Depuis qu'il a racheté Packinter, une petite entreprise de plasturgie spécialisée dans les dispositifs pharmaceutiques, Thomas fait des pieds et des mains pour conserver l'emploi et la filière industrielle dans le grand ouest où il s'est établi. Rien n'est facile, rien n'est donné, il subit, comme les autres, la loi du plus fort, les trahisons professionnelles, les pannes de machine ou les aléas du marché dans son secteur très restreint.
Le sort de ces deux pans de son existence, son mariage et son entreprise, se joue alors que Thomas est absent, comme s'il attendait que des solutions surgissent pour s'éveiller...
L'extrait
« La veille au soir, Thomas avait reçu un appel d'Alain Hervouet, soixante-quinze ans, président à vie du laboratoire Hervouet-Favel-Leroux. Hervouet lui avait expliqué qu'il serait, l'année prochaine, obligé de licencier 20% de son unité de production antiasthmatique, quarante opérateurs, et, par conséquent, de diminuer ses commandes à Packinter. Nous devons oublier un temps les asthmatiques pour nous concentrer sur les cancéreux, c'est inévitable, le générique nous bouffe, sans parler du coût du travail, l'inhalateur à chambre des Brésiliens marche très fort et nous ne savons pas faire les systèmes d'inhalation de poudre sèche des Allemands.
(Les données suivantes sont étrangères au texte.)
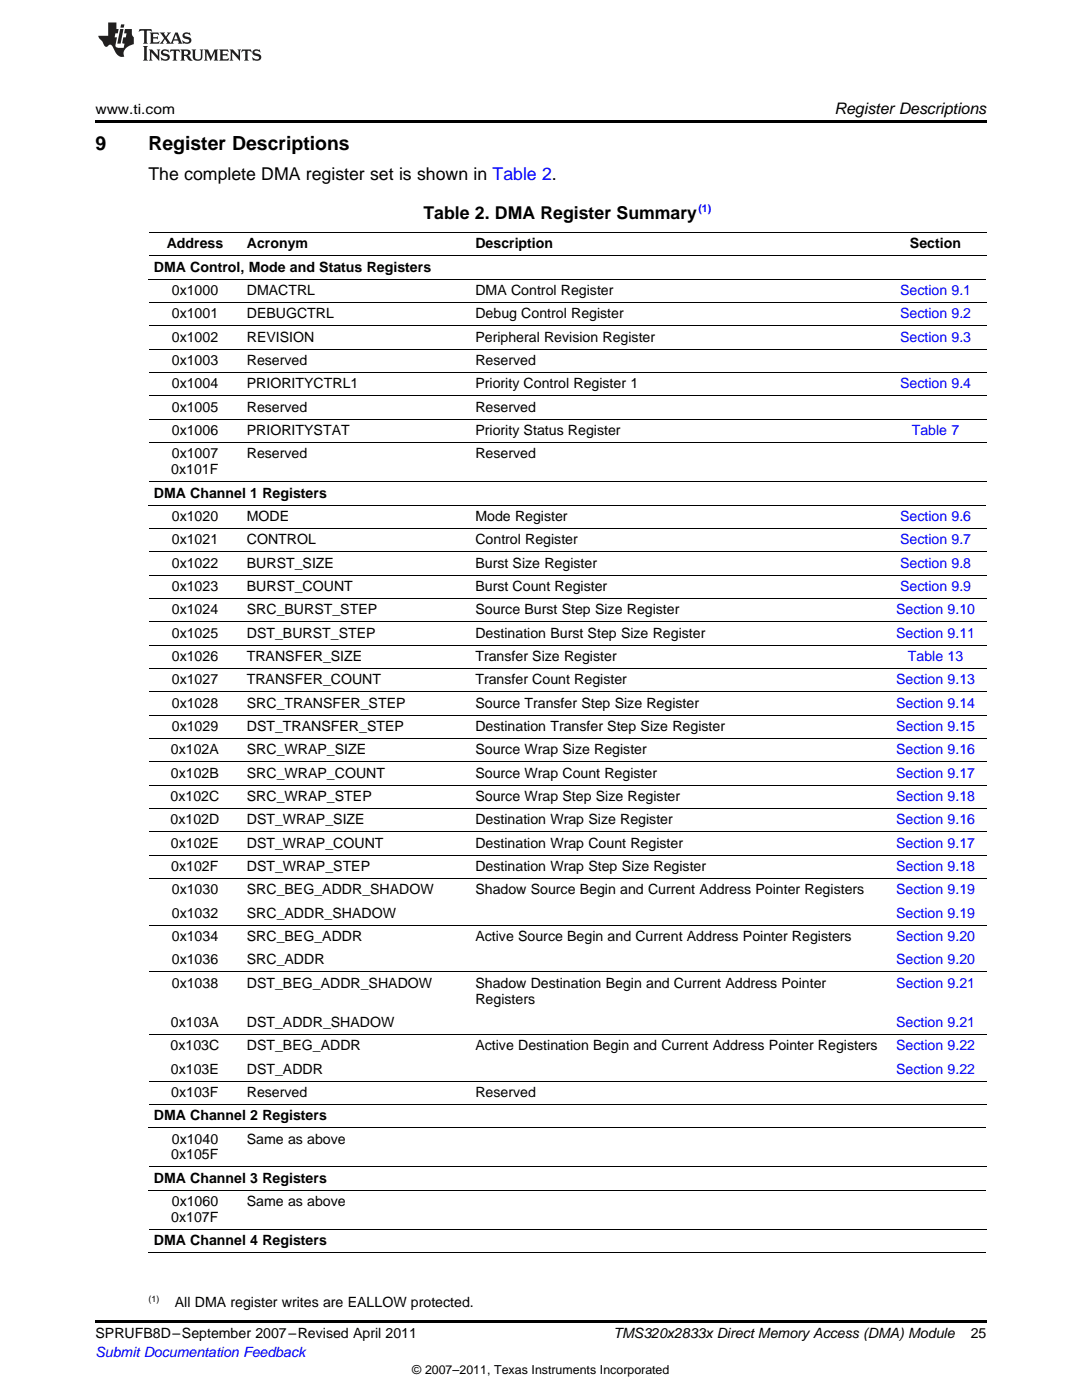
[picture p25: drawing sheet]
<svg xmlns="http://www.w3.org/2000/svg" width="216mm" height="279mm" viewBox="0 0 216 279" stroke-linecap="round" stroke-linejoin="round" font-family="sans-serif">
<defs><g id="words">
<g font-size="3.9">
<text x="19" y="30">9</text>
<text x="29.6" y="30">Register Descriptions</text>
</g>
<g font-size="3.5">
<text x="29.6" y="36">The complete DMA register set is shown in Table 2.</text>
<text x="84.5" y="43.8">Table 2. DMA Register Summary</text>
</g>
<text font-size="3.2" x="166.5" y="22.7">Register Descriptions</text>
<g font-size="2.8">
<text x="19" y="22.7">www.ti.com</text>
<text x="33.3" y="49.6">Address</text>
<text x="49.2" y="49.6">Acronym</text>
<text x="94.9" y="49.6">Description</text>
<text x="181.6" y="49.6">Section</text>
<text x="30.7" y="54.2">DMA Control, Mode and Status Registers</text>
<text x="34.3" y="58.9">0x1000</text>
<text x="49.2" y="58.9">DMACTRL</text>
<text x="94.9" y="58.9">DMA Control Register</text>
<text x="34.3" y="63.5">0x1001</text>
<text x="49.2" y="63.5">DEBUGCTRL</text>
<text x="94.9" y="63.5">Debug Control Register</text>
<text x="34.3" y="68.2">0x1002</text>
<text x="49.2" y="68.2">REVISION</text>
<text x="94.9" y="68.2">Peripheral Revision Register</text>
<text x="34.3" y="72.8">0x1003</text>
<text x="34.3" y="77.5">0x1004</text>
<text x="49.2" y="72.8">Reserved</text>
<text x="49.2" y="77.5">PRIORITYCTRL1</text>
<text x="94.9" y="72.8">Reserved</text>
<text x="94.9" y="77.5">Priority Control Register 1</text>
<text x="34.3" y="82.2">0x1005</text>
<text x="49.2" y="82.2">Reserved</text>
<text x="94.9" y="82.2">Reserved</text>
<text x="34.3" y="86.8">0x1006</text>
<text x="49.2" y="86.8">PRIORITYSTAT</text>
<text x="94.9" y="86.8">Priority Status Register</text>
<text x="34.2" y="94.7">0x101F</text>
<text x="34.3" y="91.5">0x1007</text>
<text x="49.2" y="91.5">Reserved</text>
<text x="94.9" y="91.5">Reserved</text>
<text x="30.7" y="99.3">DMA Channel 1 Registers</text>
<text x="34.3" y="104">0x1020</text>
<text x="49.2" y="104">MODE</text>
<text x="94.9" y="104">Mode Register</text>
<text x="34.3" y="108.6">0x1021</text>
<text x="34.3" y="113.3">0x1022</text>
<text x="49.2" y="108.6">CONTROL</text>
<text x="49.2" y="113.3">BURST_SIZE</text>
<text x="94.9" y="108.6">Control Register</text>
<text x="94.9" y="113.3">Burst Size Register</text>
<text x="34.3" y="117.9">0x1023</text>
<text x="49.2" y="117.9">BURST_COUNT</text>
<text x="94.9" y="117.9">Burst Count Register</text>
<text x="34.3" y="122.6">0x1024</text>
<text x="49.2" y="122.6">SRC_BURST_STEP</text>
<text x="94.9" y="122.6">Source Burst Step Size Register</text>
<text x="34.3" y="127.2">0x1025</text>
<text x="34.3" y="131.9">0x1026</text>
<text x="49.2" y="127.2">DST_BURST_STEP</text>
<text x="49.2" y="131.9">TRANSFER_SIZE</text>
<text x="94.9" y="127.2">Destination Burst Step Size Register</text>
<text x="94.9" y="131.9">Transfer Size Register</text>
<text x="34.3" y="136.6">0x1027</text>
<text x="49.2" y="136.6">TRANSFER_COUNT</text>
<text x="94.9" y="136.6">Transfer Count Register</text>
<text x="34.3" y="141.2">0x1028</text>
<text x="49.2" y="141.2">SRC_TRANSFER_STEP</text>
<text x="94.9" y="141.2">Source Transfer Step Size Register</text>
<text x="34.3" y="145.9">0x1029</text>
<text x="49.2" y="145.9">DST_TRANSFER_STEP</text>
<text x="94.9" y="145.9">Destination Transfer Step Size Register</text>
<text x="34.1" y="150.5">0x102A</text>
<text x="34.1" y="155.2">0x102B</text>
<text x="49.2" y="150.5">SRC_WRAP_SIZE</text>
<text x="49.2" y="155.2">SRC_WRAP_COUNT</text>
<text x="94.9" y="150.5">Source Wrap Size Register</text>
<text x="94.9" y="155.2">Source Wrap Count Register</text>
<text x="34" y="159.8">0x102C</text>
<text x="49.2" y="159.8">SRC_WRAP_STEP</text>
<text x="94.9" y="159.8">Source Wrap Step Size Register</text>
<text x="34" y="164.5">0x102D</text>
<text x="49.2" y="164.5">DST_WRAP_SIZE</text>
<text x="94.9" y="164.5">Destination Wrap Size Register</text>
<text x="34.1" y="169.2">0x102E</text>
<text x="34.2" y="173.8">0x102F</text>
<text x="49.2" y="169.2">DST_WRAP_COUNT</text>
<text x="49.2" y="173.8">DST_WRAP_STEP</text>
<text x="94.9" y="169.2">Destination Wrap Count Register</text>
<text x="94.9" y="173.8">Destination Wrap Step Size Register</text>
<text x="34.3" y="178.5">0x1030</text>
<text x="49.2" y="178.5">SRC_BEG_ADDR_SHADOW</text>
<text x="94.9" y="178.5">Shadow Source Begin and Current Address Pointer Registers</text>
<text x="34.3" y="183.1">0x1032</text>
<text x="49.2" y="183.1">SRC_ADDR_SHADOW</text>
<text x="34.3" y="187.8">0x1034</text>
<text x="49.2" y="187.8">SRC_BEG_ADDR</text>
<text x="94.9" y="187.8">Active Source Begin and Current Address Pointer Registers</text>
<text x="34.3" y="192.4">0x1036</text>
<text x="34.3" y="197.1">0x1038</text>
<text x="49.2" y="192.4">SRC_ADDR</text>
<text x="49.2" y="197.1">DST_BEG_ADDR_SHADOW</text>
<text x="94.9" y="197.1">Shadow Destination Begin and Current Address Pointer</text>
<text x="94.9" y="200.3">Registers</text>
<text x="34" y="209.6">0x103C</text>
<text x="34.1" y="204.9">0x103A</text>
<text x="49.2" y="204.9">DST_ADDR_SHADOW</text>
<text x="49.2" y="209.6">DST_BEG_ADDR</text>
<text x="94.9" y="209.6">Active Destination Begin and Current Address Pointer Registers</text>
<text x="34.1" y="214.2">0x103E</text>
<text x="49.2" y="214.2">DST_ADDR</text>
<text x="34.2" y="218.9">0x103F</text>
<text x="49.2" y="218.9">Reserved</text>
<text x="94.9" y="218.9">Reserved</text>
<text x="30.7" y="223.6">DMA Channel 2 Registers</text>
<text x="34.2" y="231.4">0x105F</text>
<text x="34.3" y="228.2">0x1040</text>
<text x="49.2" y="228.2">Same as above</text>
<text x="30.7" y="236">DMA Channel 3 Registers</text>
<text x="34.2" y="243.9">0x107F</text>
<text x="34.3" y="240.7">0x1060</text>
<text x="49.2" y="240.7">Same as above</text>
<text x="30.7" y="248.5">DMA Channel 4 Registers</text>
<text x="34.9" y="260.9">All DMA register writes are EALLOW protected.</text>
<text x="19" y="267.1">SPRUFB8D–September 2007–Revised April 2011</text>
<text x="122.4" y="267.1">TMS320x2833x Direct Memory Access (DMA) Module</text>
<text x="193.7" y="267">25</text>
</g>
<g font-size="2.8" fill="#00f">
<text x="179.6" y="58.9">Section 9.1</text>
<text x="179.6" y="63.5">Section 9.2</text>
<text x="179.6" y="68.2">Section 9.3</text>
<text x="179.6" y="77.5">Section 9.4</text>
<text x="181.9" y="86.8">Table 7</text>
<text x="179.6" y="104">Section 9.6</text>
<text x="179.6" y="108.6">Section 9.7</text>
<text x="179.6" y="113.3">Section 9.8</text>
<text x="179.6" y="117.9">Section 9.9</text>
<text x="178.8" y="122.6">Section 9.10</text>
<text x="178.8" y="127.2">Section 9.11</text>
<text x="181.2" y="131.9">Table 13</text>
<text x="178.8" y="136.6">Section 9.13</text>
<text x="178.8" y="141.2">Section 9.14</text>
<text x="178.8" y="145.9">Section 9.15</text>
<text x="178.8" y="150.5">Section 9.16</text>
<text x="178.8" y="155.2">Section 9.17</text>
<text x="178.8" y="159.8">Section 9.18</text>
<text x="178.8" y="164.5">Section 9.16</text>
<text x="178.8" y="169.2">Section 9.17</text>
<text x="178.8" y="173.8">Section 9.18</text>
<text x="178.8" y="178.5">Section 9.19</text>
<text x="178.8" y="183.1">Section 9.19</text>
<text x="178.8" y="187.8">Section 9.20</text>
<text x="178.8" y="192.4">Section 9.20</text>
<text x="178.8" y="197.1">Section 9.21</text>
<text x="178.8" y="204.9">Section 9.21</text>
<text x="178.8" y="209.6">Section 9.22</text>
<text x="178.8" y="214.2">Section 9.22</text>
<text x="19" y="270.8">Submit Documentation Feedback</text>
</g>
<text font-size="2.5" x="82.3" y="274.2">© 2007–2011, Texas Instruments Incorporated</text>
<text font-size="2.1" fill="#00f" x="139.4" y="42.4">(1)</text>
<text font-size="1.8" x="29.6" y="259.8">(1)</text>
</g></defs>
<g fill="#231f20">
<path d="M27.8 5.8l-.1 .6 .5-.3h.5l.1 .2v2.1l-.3 .3h1l-.2-.3v-2.1v-.2h.6l.4 .3-.1-.6zM29.9 6.5l.2 .4v1.5l-.2 .3h1.8l.1-.5a1.04 1.04 0 0 1-1.2 .1v-.6h.5l.4 .2v-.7l-.4 .2h-.5v-.6h.8l.3 .2-.1-.5zM31.9 6.5l.9 1.1-1 1.1h.9l-.2-.2 .4-.7 .5 .7-.2 .2h1.5l-.2-.2 .1-.4h.9l.2 .4-.2 .2h.9l-.2-.3-.7-1.9h-.5l-.9 2.1-.8-1.1 .8-1h-.8l.2 .3-.4 .5-.4-.6 .2-.2zM35.1 6.9l.4 .9h-.8zM36.6 6.6a.63 .63 0 0 0-.2 .7 .63 .63 0 0 0 .6 .4l.6 .2 .2 .2a.75 .75 0 0 1-.8 .4 .75 .75 0 0 1-.6-.5l.1 .7 .2-.1a1.11 1.11 0 0 0 1.5-.5 1.13 1.13 0 0 0-1.3-.9v-.3a1.04 1.04 0 0 1 1.1 .2l-.1-.6-.2 .1-.5-.1zM28.5 9.2l.3 .3v2.2l-.3 .4h1l-.2-.4v-2.2l.2-.3zM29.7 9.9l.2 .3v1.5l-.2 .4h.7l-.2-.4v-1.3l1.6 1.7v-1.9l.2-.3h-.7l.2 .3v.9l-1.1-1.2zM32.3 10a.62 .62 0 0 0-.2 .7 .62 .62 0 0 0 .6 .4l.6 .2 .2 .2a.76 .76 0 0 1-.8 .4 .76 .76 0 0 1-.6-.5l.1 .7 .2-.1a1.11 1.11 0 0 0 1.5-.6 1.13 1.13 0 0 0-1.3-.8v-.3a1.04 1.04 0 0 1 1.1 .1l-.1-.5-.2 .1-.5-.2zM34 9.9l-.1 .6a.61 .61 0 0 1 .7-.3l.1 1.5-.3 .4h1l-.3-.4 .1-1.5a.63 .63 0 0 1 .7 .3l-.1-.6zM36 9.9l.2 .3v1.5l-.2 .4h.9l-.2-.2v-.7l.6 .2a.76 .76 0 0 0 1.1 .6l-1-.9a.58 .58 0 0 0 .6-.6 .58 .58 0 0 0-.5-.6zM36.7 10.2l.1-.1a.45 .45 0 0 1 .6 .1 .45 .45 0 0 1 .1 .5l-.8 .2zM38.2 9.9l.2 .2a2.17 2.17 0 0 0 .4 1.9 .99 .99 0 0 0 1.6-.7v-1.1l.2-.3h-.7l.1 .2a1.92 1.92 0 0 1-.1 1.7 .6 .6 0 0 1-1-.5v-1.1l.2-.3zM40.7 9.9l.2 .3v1.5l-.2 .4h.7l-.2-.4v-1.4l.8 1.8 .9-1.8v1.4l-.2 .4h.9l-.3-.4v-1.5l.3-.3h-.8l-.6 1.4-.7-1.4zM43.7 9.9l.3 .3v1.5l-.3 .4h1.9l.1-.6a1.04 1.04 0 0 1-1.3 .2v-.6h.6l.4 .1v-.6l-.4 .2h-.6l.1-.6h.7l.4 .2-.1-.5zM45.8 9.9l.2 .3v1.5l-.2 .4h.8l-.3-.4v-1.3l1.6 1.7v-1.9l.2-.3h-.7l.2 .3v.9l-1.1-1.2zM48.3 9.9l-.1 .6a.61 .61 0 0 1 .7-.3v1.5l-.2 .4h.9l-.2-.4v-1.5a.63 .63 0 0 1 .8 .3l-.1-.6zM50.6 10a.62 .62 0 0 0-.2 .7 .62 .62 0 0 0 .6 .4l.6 .2 .1 .2a.76 .76 0 0 1-.7 .4 .76 .76 0 0 1-.6-.5l.1 .7 .1-.1a1.11 1.11 0 0 0 1.5-.6 1.13 1.13 0 0 0-1.2-.8l-.1-.3a1.04 1.04 0 0 1 1.2 .1l-.2-.5-.1 .1-.5-.2z"/>
<path d="M21.6 4.5v2.6h-2l.1 .4 .8 .9a.91 .91 0 0 0 .9 .9 .56 .56 0 0 1 .5-.4 .56 .56 0 0 1 .5 .3l.4 .8a1.53 1.53 0 0 0 2 1.3 1.54 1.54 0 0 1 1-2.1l.9-.4-.1-1.4a1.52 1.52 0 0 1-.3-1.6h-1.4l-.1 .9h.5l-.2 .8h-.5l-.2 .9v.2l.4 .1-.1 .9a1.93 1.93 0 0 1-1.6-.3l.2-1.8h-.4l.1-.8h.5l.2-.9h-.5v-1.3zM24 5.8l-.6 2.9h.7l.5-2.9zM24.2 4.9l-.2 .6h.7l.1-.6z"/>
</g>
<path d="M19 24h177.8v.6h-177.8zM19 263.5h177.8v.6h-177.8z" fill="#000"/>
<g fill="none" stroke="#000" stroke-width=".2">
<path d="M29.6 55.7h167.2M29.6 51.1h167.2M29.6 46.4h167.2M29.6 79h167.2M29.6 74.3h167.2M29.6 69.7h167.2M29.6 65h167.2M29.6 60.4h167.2M29.6 96.1h167.2M29.6 88.3h167.2M29.6 83.7h167.2M29.6 119.4h167.2"/>
<path d="M29.6 114.8h167.2M29.6 110.1h167.2M29.6 105.5h167.2M29.6 100.8h167.2M29.6 138.1h167.2M29.6 133.4h167.2M29.6 128.7h167.2M29.6 124.1h167.2M29.6 156.7h167.2M29.6 152h167.2M29.6 147.4h167.2M29.6 142.7h167.2"/>
<path d="M29.6 175.3h167.2M29.6 170.7h167.2M29.6 166h167.2M29.6 161.3h167.2M29.6 193.9h167.2M29.6 184.6h167.2M29.6 215.7h167.2M29.6 206.4h167.2M29.6 237.5h167.2M29.6 232.9h167.2M29.6 225.1h167.2M29.6 220.4h167.2"/>
<path d="M29.6 250h167.2M29.6 245.4h167.2"/>
</g>
<use href="#words"/>
</svg>

Bref, il laissait un an à Packinter. Vous allez devoir baisser vos prix, moi je dois réduire mon carnet de commandes. Les bonnes décisions sont celles qui s'imposent à nous. Thomas s'était remémoré les décisions importantes de sa vie et en avait conclu que le vieux se trompait.
Il fixa Loïc, la gorge serrée.
- Eh oui. Heureusement que tu es là.
Loïc jeta un rapide coup d'oeil vers César, resté silencieux depuis son arrivée.
- Qu'est-ce que tu racontes, c'est toi le patron, c'est toi qui tient la baraque.
Thomas secoua la tête.
- Je sais ce que je te dois. » (p. 30/31)
L'avis de Quatre Sans Quatre
Thomas manque d'air. Il a l'air, se donne l'air, aspire à, mais non. Trop, c'est trop. Sa petite entreprise, c'est le rocher de Sisyphe, il faut la remonter tout en haut quasiment tous les jours. La concurrence est terrible, les clients impitoyables et, même pour un patron comme lui, presque paternaliste, la grogne sociale n'est jamais loin. Il fonctionne à l'émotion Thomas et quand ça ne tourne pas comme il faut, c'est son monde qui s'écroule, il ne l'a pas vu venir. Il étouffe littéralement, plus rien ne passe, l'asphyxie financière le guette, la fin du monde qu'il avait rêvé.
Son couple s'est distendu, pris dans la tourmente de ses ennuis professionnels, il attend d'Olivia ce qu'elle n'est pas prête à lui donner, et elle attend de lui ce qu'il ne peut plus lui offrir, empêtré dans le sauvetage de son entreprise, un blizzard terrible qui restreint la visibilité et la lucidité au maximum. Vanessa Bamberger parle de personnages ordinaires, dans des situations qui doivent être vécues tous les jours par tant d'autres. Elle disserte sur les définitions diverses de « principe » et de « suspension », tout ce que recouvrent ces mots simples et déroule une histoire passionnante au suspense subtil et émouvant. Elle a mené l'enquête sur le terrain, cela transparaît, elle connait le sujet et sait la complexité des situations.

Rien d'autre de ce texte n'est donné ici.